*What the task requires*
From the line with "Units: m, deg." to the line with "helmet: x=1.080 y=-0.404", retype each line exactly as it stands in the records below, but skip the pictures.
----------------
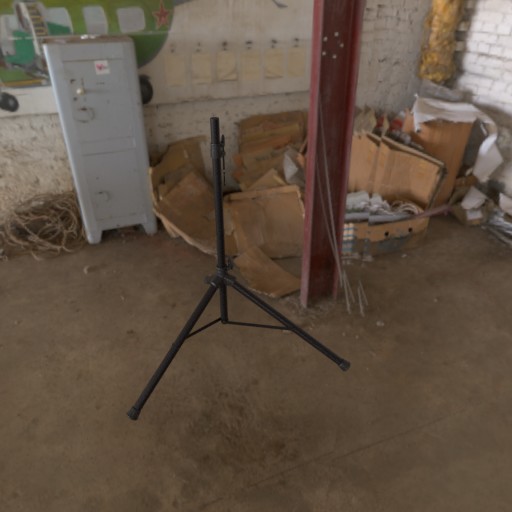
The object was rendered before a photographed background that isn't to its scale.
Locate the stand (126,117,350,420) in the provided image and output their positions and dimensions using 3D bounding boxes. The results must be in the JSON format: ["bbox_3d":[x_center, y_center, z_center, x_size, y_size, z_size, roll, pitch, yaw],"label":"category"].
[{"bbox_3d":[0.000,0.000,1.877,0.907,1.136,1.045,8,33,12],"label":"stand"}]
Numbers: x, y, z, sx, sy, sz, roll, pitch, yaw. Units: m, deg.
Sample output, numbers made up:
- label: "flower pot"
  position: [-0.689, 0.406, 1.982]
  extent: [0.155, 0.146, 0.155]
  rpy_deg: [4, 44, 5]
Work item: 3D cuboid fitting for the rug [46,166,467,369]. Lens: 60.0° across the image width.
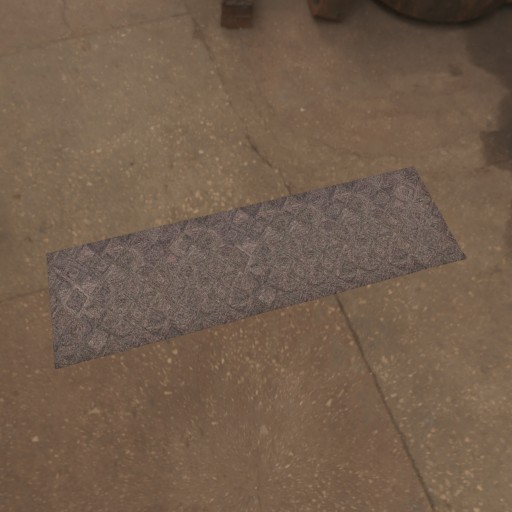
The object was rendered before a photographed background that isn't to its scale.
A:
- label: "rug"
  position: [0.000, 0.000, 2.523]
  extent: [2.296, 0.011, 0.691]
  rpy_deg: [-14, 63, -7]
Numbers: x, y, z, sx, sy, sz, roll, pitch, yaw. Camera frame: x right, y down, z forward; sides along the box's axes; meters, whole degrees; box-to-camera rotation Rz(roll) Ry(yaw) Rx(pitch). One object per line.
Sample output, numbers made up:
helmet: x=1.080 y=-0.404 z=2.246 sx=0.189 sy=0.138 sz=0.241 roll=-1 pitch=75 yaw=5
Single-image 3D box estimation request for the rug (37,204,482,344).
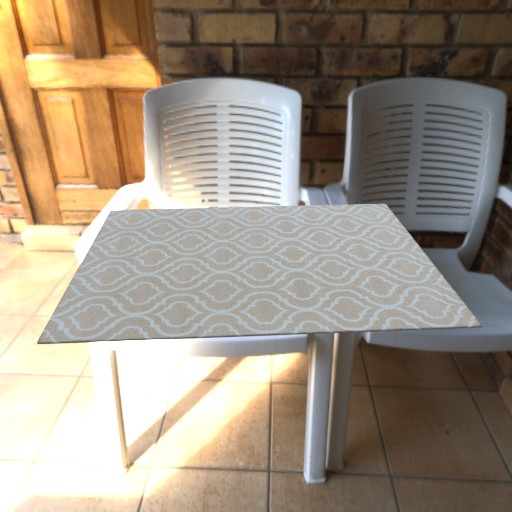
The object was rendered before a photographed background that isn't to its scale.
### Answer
rug: x=0.000 y=0.000 z=2.771 sx=2.134 sy=0.010 sz=1.524 roll=-2 pitch=30 yaw=-3
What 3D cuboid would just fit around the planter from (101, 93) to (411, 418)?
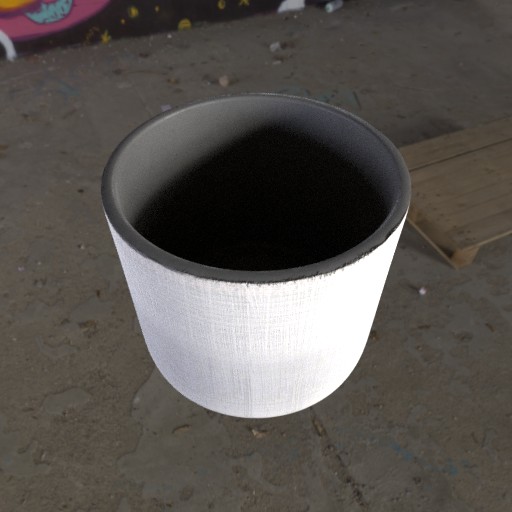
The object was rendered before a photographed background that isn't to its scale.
[{"bbox_3d":[0.000,0.000,0.444,0.254,0.221,0.254,0,47,0],"label":"planter"}]
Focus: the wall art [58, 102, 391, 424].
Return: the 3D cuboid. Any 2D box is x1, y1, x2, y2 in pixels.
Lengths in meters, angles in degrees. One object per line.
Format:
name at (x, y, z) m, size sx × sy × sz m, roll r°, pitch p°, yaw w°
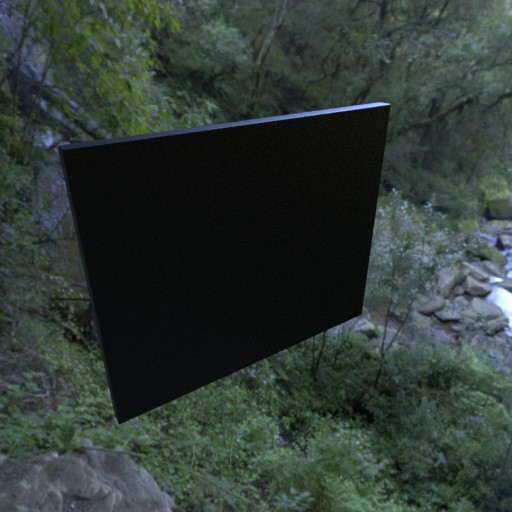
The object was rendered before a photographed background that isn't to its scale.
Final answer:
wall art at (0.000, 0.000, 0.767) m, size 0.558 × 0.457 × 0.031 m, roll -17°, pitch 33°, yaw -29°
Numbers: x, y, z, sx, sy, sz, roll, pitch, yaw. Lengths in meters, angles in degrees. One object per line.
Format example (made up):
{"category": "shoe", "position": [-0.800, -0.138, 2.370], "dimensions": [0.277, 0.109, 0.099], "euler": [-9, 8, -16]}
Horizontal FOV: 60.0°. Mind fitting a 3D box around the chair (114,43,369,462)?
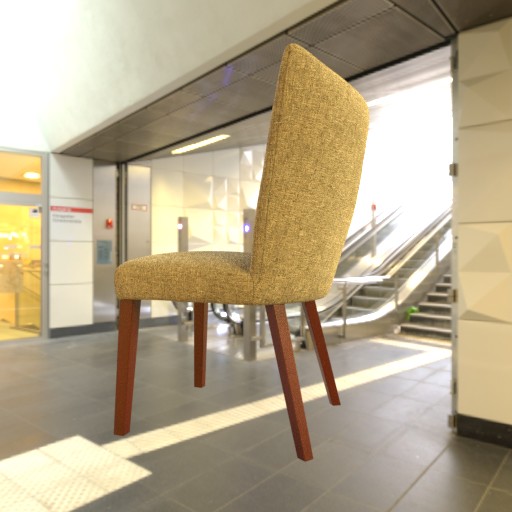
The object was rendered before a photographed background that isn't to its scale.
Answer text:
{"category": "chair", "position": [0.000, 0.000, 1.261], "dimensions": [0.623, 0.924, 0.535], "euler": [0, 0, 20]}
----------------
*Exercise result*
Numbers: x, y, z, sx, sy, sz, roll, pitch, yaw. Units: m, deg.
Sample output, numbers made up:
- label: "flower pot"
  position: [-0.689, 0.406, 1.982]
  extent: [0.155, 0.146, 0.155]
  rpy_deg: [4, 44, 5]
Work item: 3D cuboid fitting for the rug [46,166,467,369]. Lens: 60.0° across the image width.
The object was rendered before a photographed background that isn't to its scale.
A:
- label: "rug"
  position: [0.000, 0.000, 2.523]
  extent: [2.296, 0.011, 0.691]
  rpy_deg: [-14, 63, -7]
Numbers: x, y, z, sx, sy, sz, roll, pitch, yaw. Camera frame: x right, y down, z forward; sides along the box's axes; meters, whole degrees; box-to-camera rotation Rz(roll) Ry(yaw) Rx(pitch). One object per line.
Sample output, numbers made up:
helmet: x=1.080 y=-0.404 z=2.246 sx=0.189 sy=0.138 sz=0.241 roll=-1 pitch=75 yaw=5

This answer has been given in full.